Troubleshooting Tip: Error message "Interface switch is in use" or "Interface internal is in use" or "Entry is used" when changing internal-switch-mode

 

When making this change from the GUI, the message "Entry is used" will be displayed

 

 

The internal interface is a switch with either four or six physical interface connections, depending on the FortiGate model. Normally the internal interface is configured as a single interface shared by all physical interface connections - a switch.

For further details about switch mode please consult the appropriate FortiGate Administration Guide or the release notes.

The root cause can be some dependencies existing between the internal interface and other objects (DHCP settings, Firewall Policies), that will prevent this change.

To verify if other objects are referring to the internal interface, the diagnose command "diagnose sys checkused "can be used.

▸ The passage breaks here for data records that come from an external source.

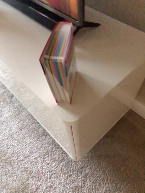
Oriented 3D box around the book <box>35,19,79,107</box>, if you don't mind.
[{"bbox_3d":[-0.028,-0.084,0.437,0.060,0.179,0.150,7,56,9],"label":"book"}]
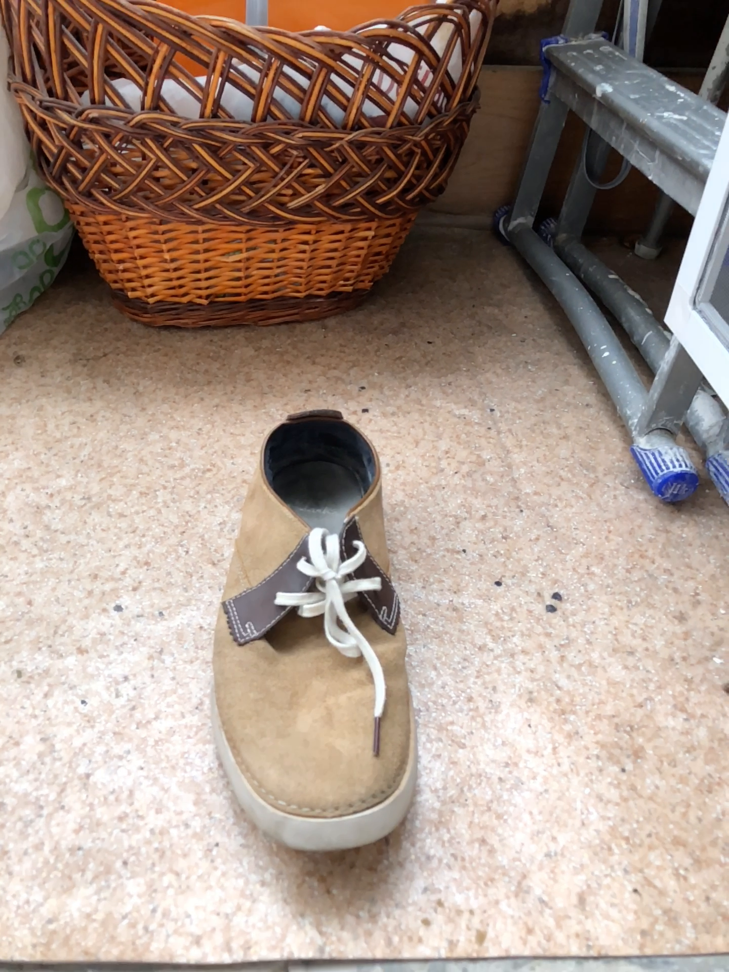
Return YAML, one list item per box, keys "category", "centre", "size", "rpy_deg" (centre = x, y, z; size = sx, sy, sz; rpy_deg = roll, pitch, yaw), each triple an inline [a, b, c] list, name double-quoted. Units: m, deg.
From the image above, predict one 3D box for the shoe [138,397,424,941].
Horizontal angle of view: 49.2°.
- category: "shoe"
  centre: [-0.041, 0.073, 0.450]
  size: [0.110, 0.089, 0.302]
  rpy_deg: [-1, 41, -4]
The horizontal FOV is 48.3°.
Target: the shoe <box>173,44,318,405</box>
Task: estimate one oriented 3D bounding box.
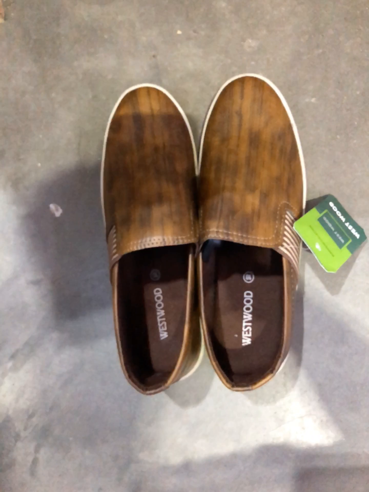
[{"bbox_3d":[0.054,-0.017,0.386,0.110,0.100,0.290,-2,84,10],"label":"shoe"}]

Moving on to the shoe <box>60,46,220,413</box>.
[{"bbox_3d":[-0.037,-0.013,0.383,0.100,0.100,0.290,-7,83,9],"label":"shoe"}]
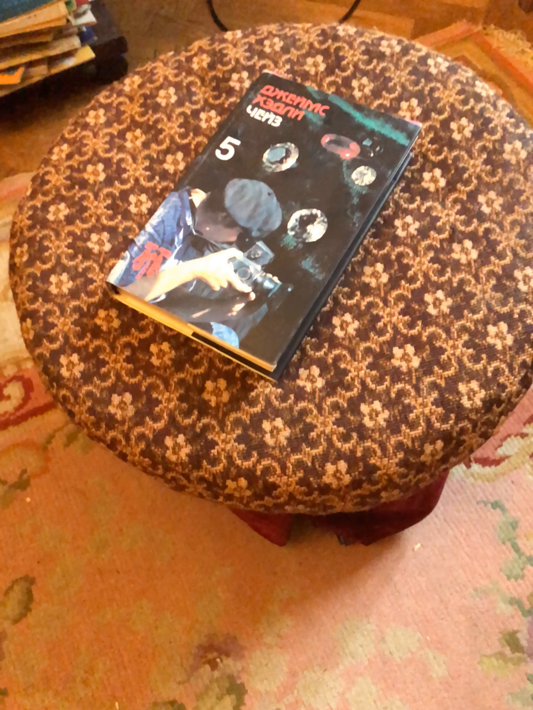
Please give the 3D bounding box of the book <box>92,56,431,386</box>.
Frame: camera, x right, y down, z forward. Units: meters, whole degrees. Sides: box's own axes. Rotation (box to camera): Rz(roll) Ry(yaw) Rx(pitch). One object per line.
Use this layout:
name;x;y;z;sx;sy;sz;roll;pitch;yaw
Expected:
book;-0.001;-0.100;0.399;0.140;0.020;0.205;28;76;15
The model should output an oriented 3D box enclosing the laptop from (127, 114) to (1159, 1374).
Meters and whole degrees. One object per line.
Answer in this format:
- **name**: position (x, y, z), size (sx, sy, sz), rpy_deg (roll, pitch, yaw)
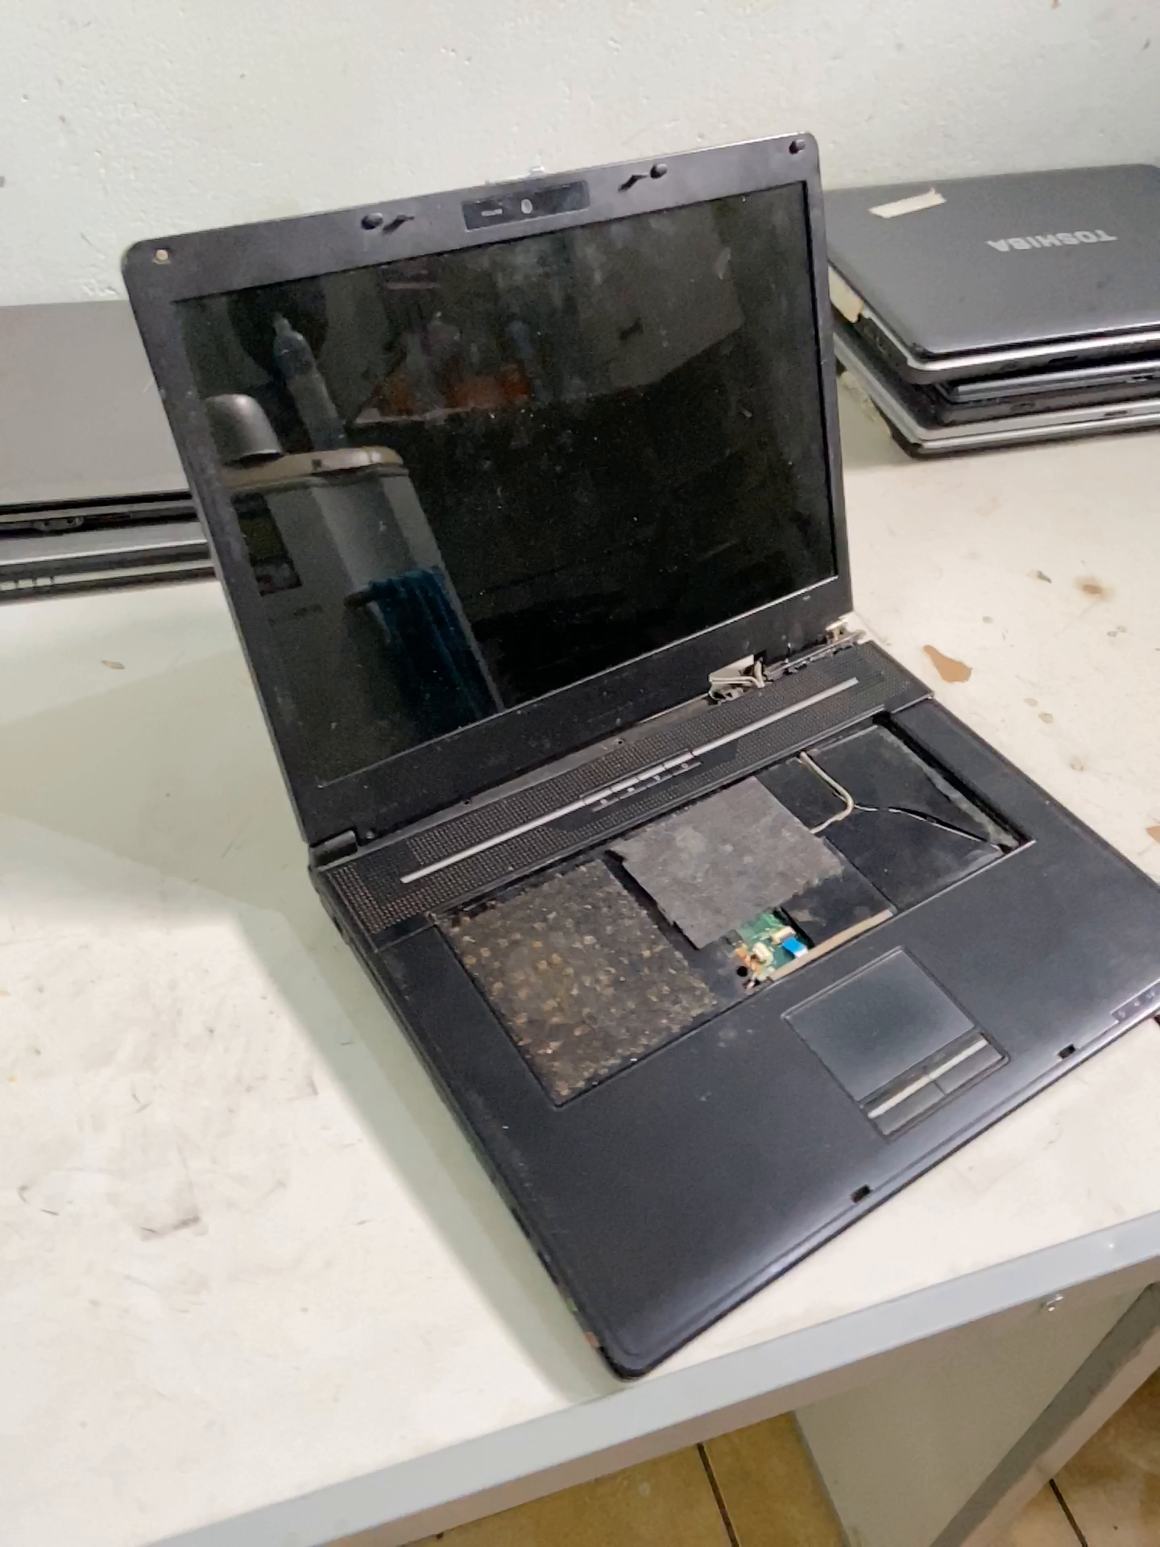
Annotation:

This is an example on a FortiGate 60B with a default configuration, and we are looking at all dependencies for the interface called "internal"

 

FGT60B # diagnose sys checkused system.interface.name internal

entry used by table system.dhcp.server:name 'internal_dhcp_server' entry used by table firewall.policy:policyid '1' entry used by table router.static:seq-num '1'

The analysis of the above output is the following :

 

Message	Description
entry used by table system.dhcp.server:name 'internal_dhcp_server'	There is a DHCP server called 'internal_dhcp_server' enabled on the "internal" interface
entry used by table firewall.policy:policyid '1'	There is a Firewall Policy (ID 1) that refers to "internal"
entry used by table router.static:seq-num '1'	There is a static route (entry 1) that refers to "internal"

 

You will need to delete all the above settings in order to be able to apply the change.